Then I innocently save the inventory in a statement, set retry mechanism, for loop a thousand times, update failed to query again, failed to update a thousand times, failure.

Then the function test, the function of course no problem, the logic is very simple.

After the functional test, you can start to pressure test the interface normally. At this time, there is still a week or so before the function goes online. If you think that the pressure measures any problems, you can change it in time and lie flat. However, some incidents occurred at this time, and some functional changes were made to the requirements. Moreover, the leader felt that it was inappropriate to put the ticket snatching business in the original App platform. After all, the original App was a content that had been coupled enough, so the one-time business should not be coupled again, so as not to affect the original business.

Then carry on the function split, the original written good grab ticket business to carry to a new framework, this chi chi chi, even drag the pressure test to the day before the line!

Pressure test

Get ready for the first round of manometry

Operation and maintenance partners started to run pressure test program, 300 concurrent, the application died…

The analysis reason

When a single piece of inventory data is updated concurrently, the amount of concurrency is actually very low, because rows will be locked during the update.
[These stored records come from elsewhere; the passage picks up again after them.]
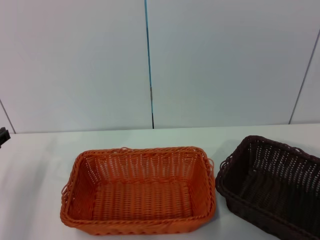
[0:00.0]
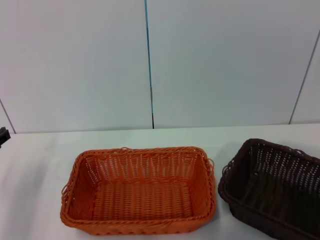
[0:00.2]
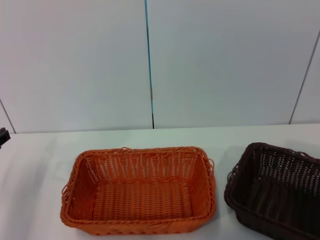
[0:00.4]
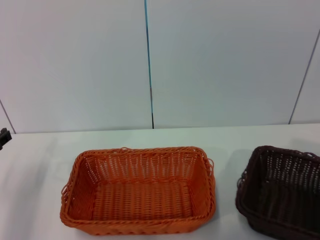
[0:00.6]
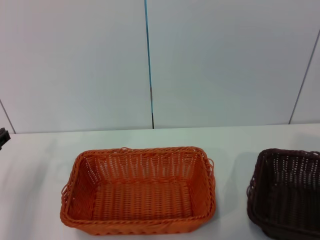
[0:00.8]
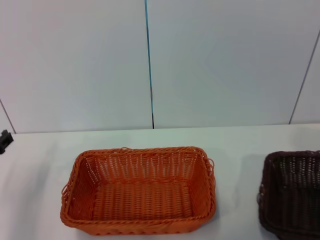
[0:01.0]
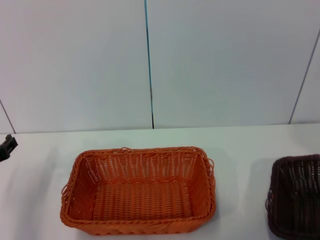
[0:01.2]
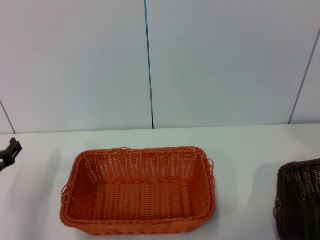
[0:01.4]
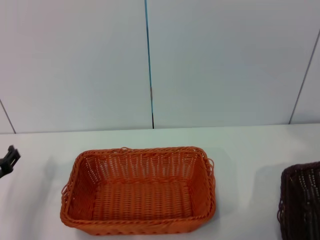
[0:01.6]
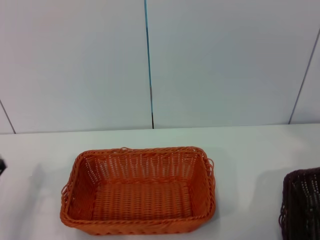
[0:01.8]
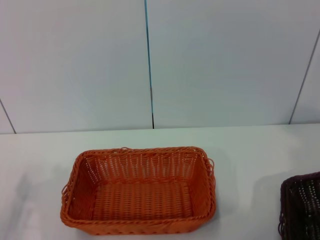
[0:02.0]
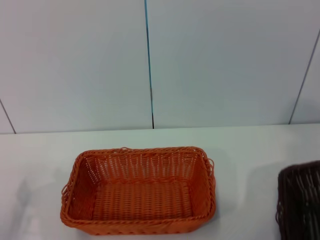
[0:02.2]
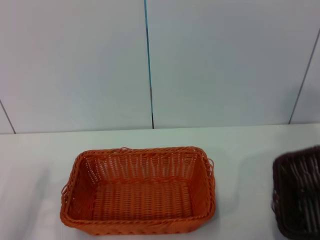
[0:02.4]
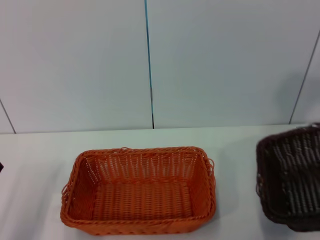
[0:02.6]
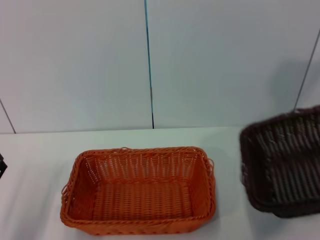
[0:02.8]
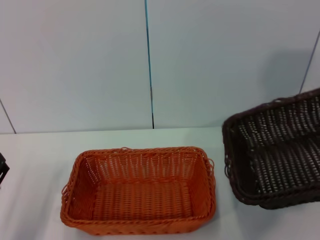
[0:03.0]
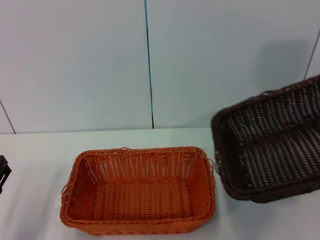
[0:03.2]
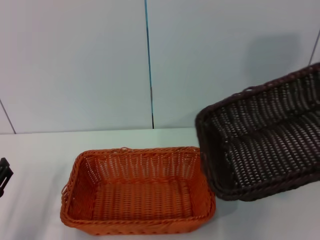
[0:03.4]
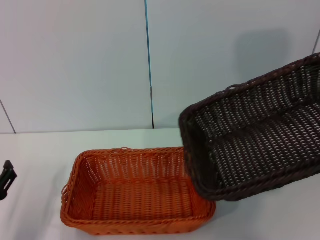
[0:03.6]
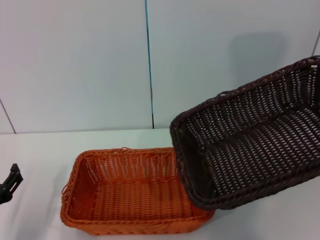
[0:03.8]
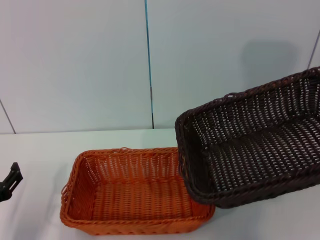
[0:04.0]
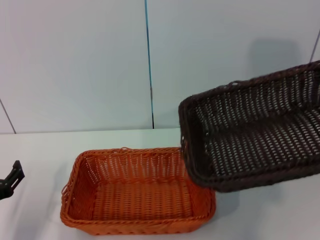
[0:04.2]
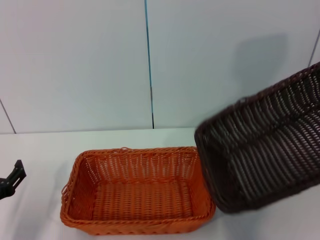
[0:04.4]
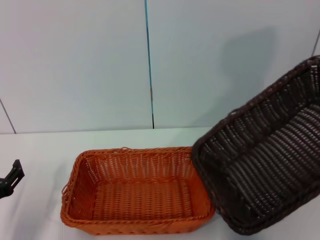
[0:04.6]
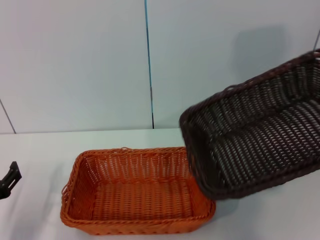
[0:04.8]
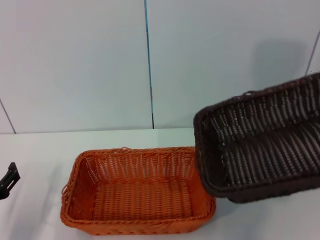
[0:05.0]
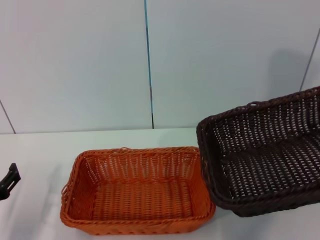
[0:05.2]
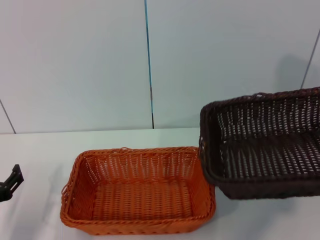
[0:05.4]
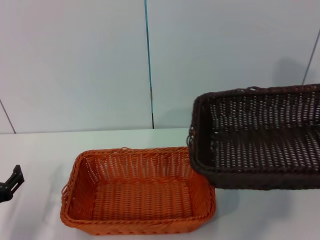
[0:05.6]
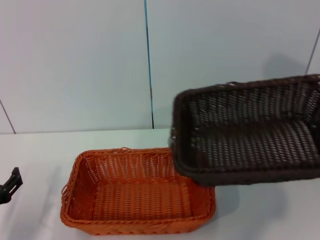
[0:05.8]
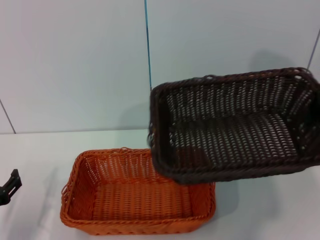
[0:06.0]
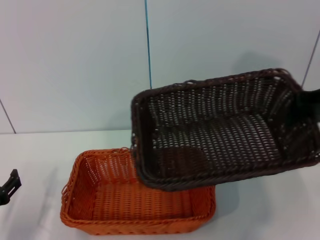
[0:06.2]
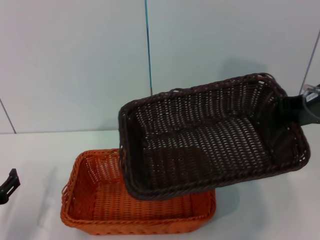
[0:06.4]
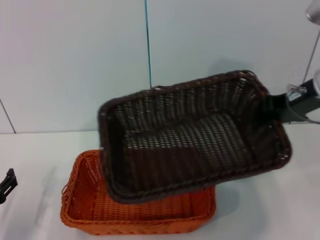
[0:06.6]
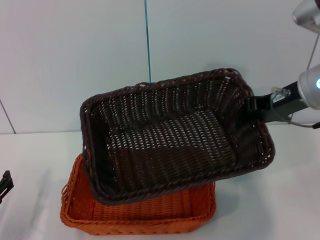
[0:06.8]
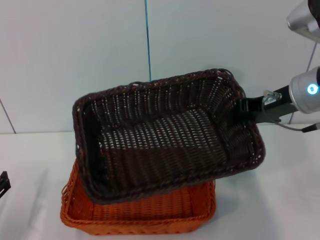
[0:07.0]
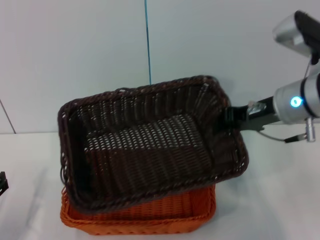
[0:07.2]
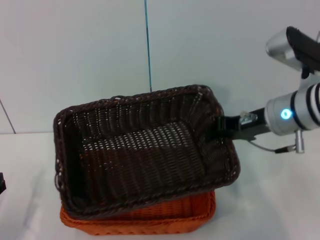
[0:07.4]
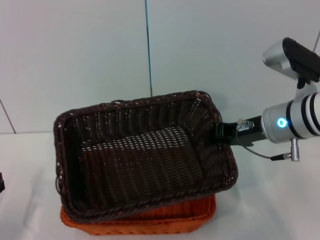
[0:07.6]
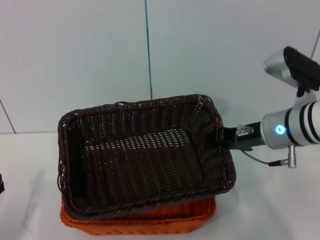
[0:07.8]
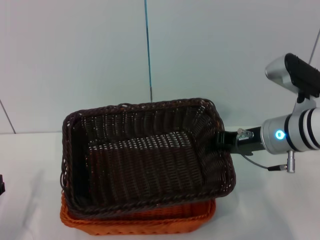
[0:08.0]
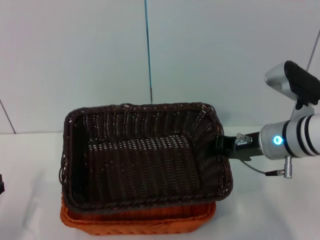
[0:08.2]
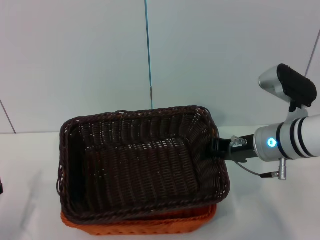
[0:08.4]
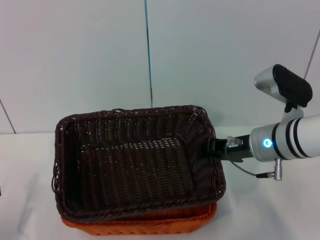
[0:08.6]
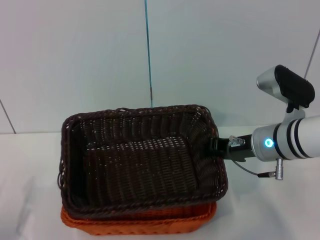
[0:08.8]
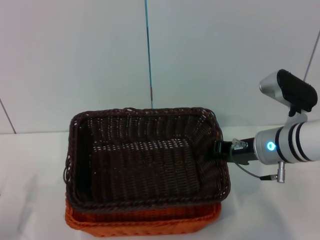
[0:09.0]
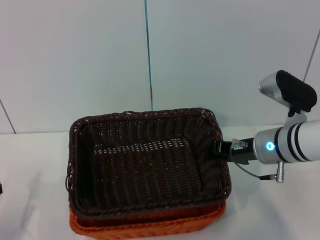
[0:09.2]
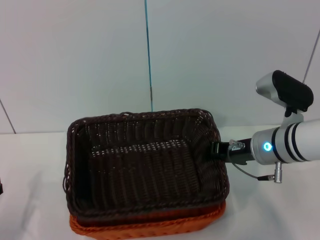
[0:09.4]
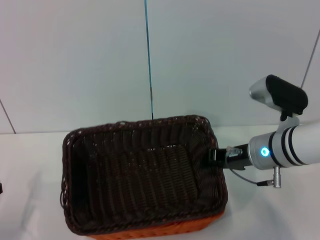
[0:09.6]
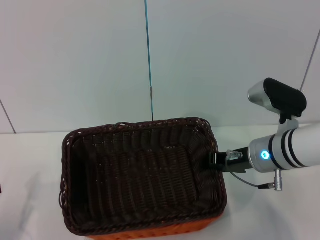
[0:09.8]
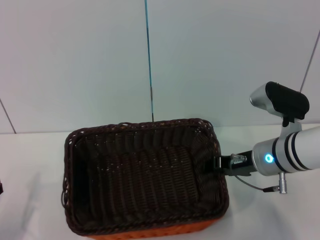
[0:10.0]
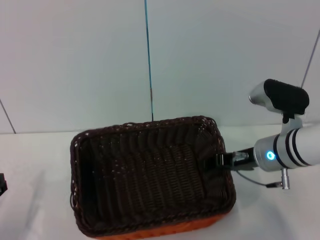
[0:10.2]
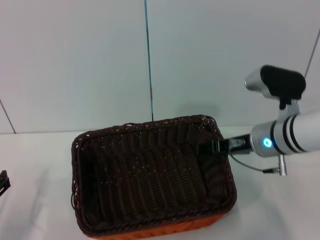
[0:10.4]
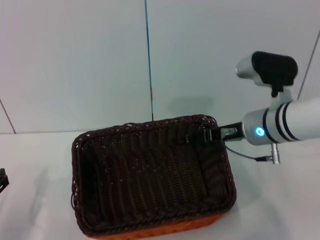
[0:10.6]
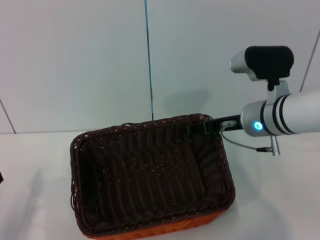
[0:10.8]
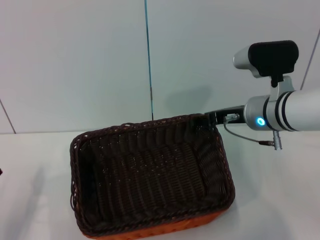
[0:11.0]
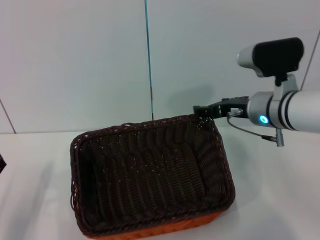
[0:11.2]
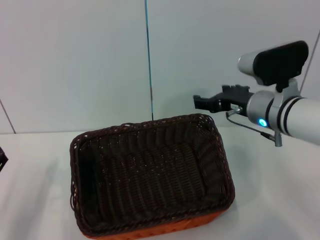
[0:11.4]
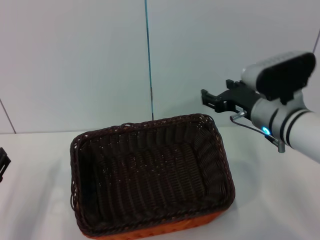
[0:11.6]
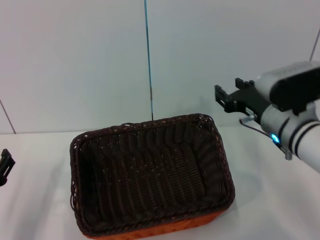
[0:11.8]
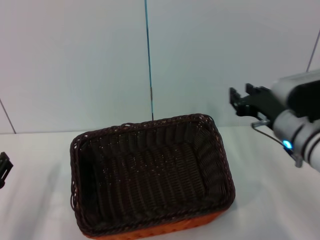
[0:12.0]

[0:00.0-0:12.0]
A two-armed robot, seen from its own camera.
Step, 0:01.2 to 0:10.6: Place the dark basket on the light basket with the right gripper.
0:00.0 to 0:01.6: The right gripper goes some 15 cm upward and to the right. The left gripper ends up approximately 5 cm from where it was.
0:01.6 to 0:03.0: The left gripper goes some 5 cm backward; the right gripper goes roughly 15 cm upward, to the left and forward.
0:03.0 to 0:04.4: The right gripper shifts some 5 cm to the left.
0:04.4 to 0:06.0: The right gripper goes to the right and returns, approximately 5 cm each way.
0:06.0 to 0:07.6: The right gripper heads to the left and downward, covering some 15 cm.
0:07.6 to 0:09.0: The right gripper goes about 5 cm downward.
0:09.0 to 0:10.4: The right gripper opens its fingers.
0:10.4 to 0:12.0: The right gripper opens, then closes once more.

Once the amount of concurrency is increased, there will be a large number of requests waiting for the lock, the response time will be longer, and there will be a large number of connection database timeout, dragging down the application.

So what now?

There are two options:

  • To switch to redis

  • Split inventory in Mysql

The first option is certainly a must if time is available. But now there is a problem: no time! In fact, if snatching tickets is a deduction, then REDis is completely in time to change, but now the demand is that there are one ticket, two tickets, three tickets three situations, with redis to achieve, the change may be relatively large. In order not to affect the online, can only choose to split the inventory.

Chi Chi chi began to change, 1000 tickets, broken into 100 inventory records, each record 10.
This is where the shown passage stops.